The Argus: Brighton Festival Fringe launches today

The forensic-style white all-in-one handed to me as I entered the faux-Victorian tent-come-library was an odd but strangely apt way to start a night of decadence. Before me lay a chamber heavy with a fog, into which I was ushered to discover it was in fact food architects Bombas And Parr’s cloud cocktail chamber – a heady steam bath of gin concoction.

This year’s literary feast was based on Trimalchio, a character in the Roman novel The Satyricon by Petronius. He was famed for his opulent dinners, including live birds sewn up inside a pig and a course for every sign of the zodiac.
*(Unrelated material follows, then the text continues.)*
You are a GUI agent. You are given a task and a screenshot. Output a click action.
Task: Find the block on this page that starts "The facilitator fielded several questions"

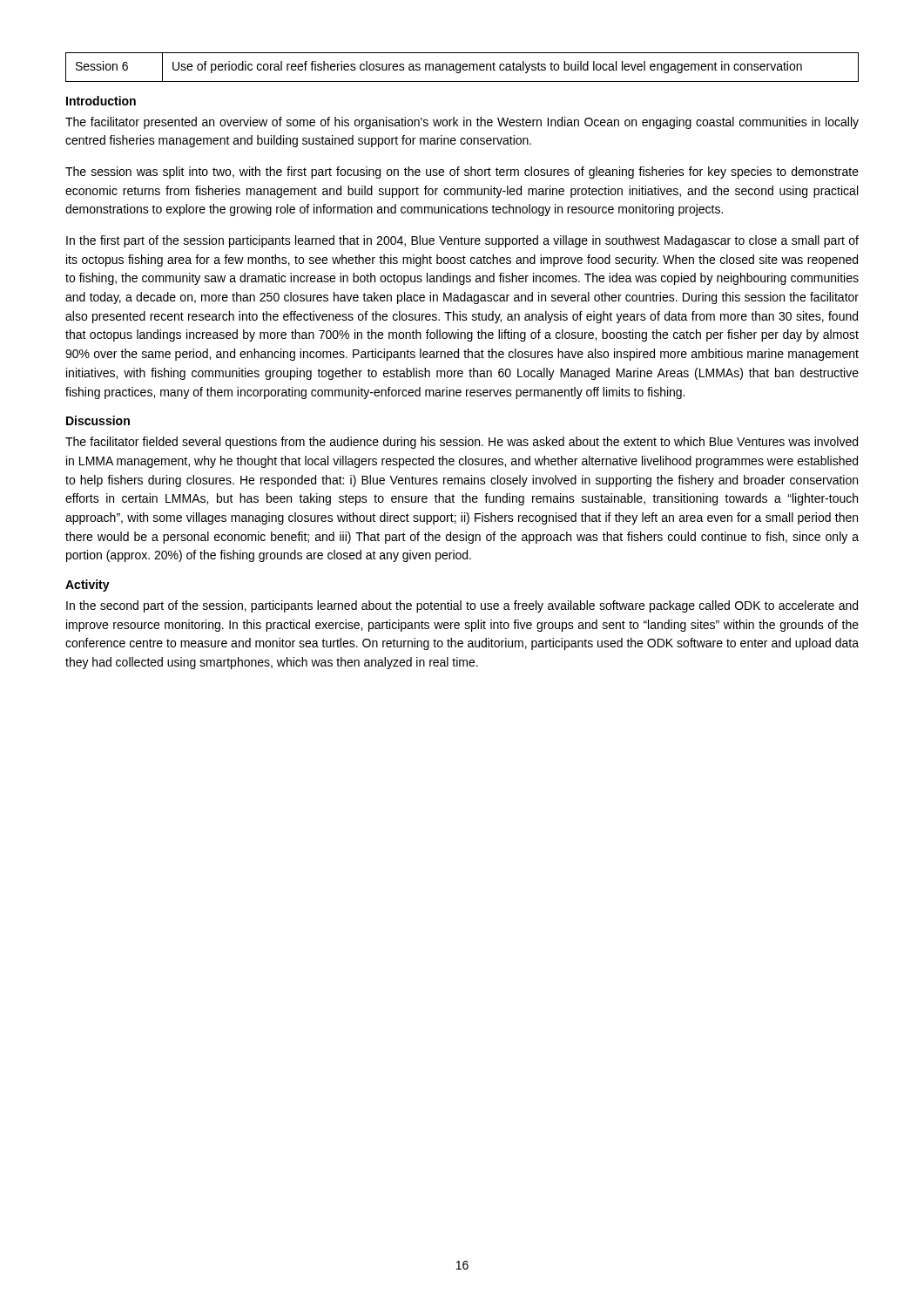coord(462,499)

With such a tough act to follow, Bombas And Parr went all out to recreate the excess, with starters including quails’ eggs with Olympian vigour and sea urchin with eggs and garum – an ancient fish paste made from intestines.

Innards continued as a theme with a beef, testicle and kidney pie with sow’s udder and pigs’ eyes served with leeks of Rome and, of course, a Caesar salad.

Accompanying these culinary curiosities were libations and Hendrick’s had not held back either. A hearty mead, combining gin with ale, ginger and honey syrup and lemon was served in a tankard fit for excessive toasting, while the claret cobbler, an indulgent combination of gin and liqueurs to create a wine-like drink was heady to say the least.

The best was left for last, with the adventurous duo Bombas And Parr deciding to combine jelly and explosives and detonate dessert.

With gin flowing as freely as the Tiber, things inevitably got silly, with food fights and a bout of Indian leg wrestling.

Trimalchio’s dinner ended with a fake funeral for him, and after the debauchery and decadence of this meal, I too was ready to rest in peace.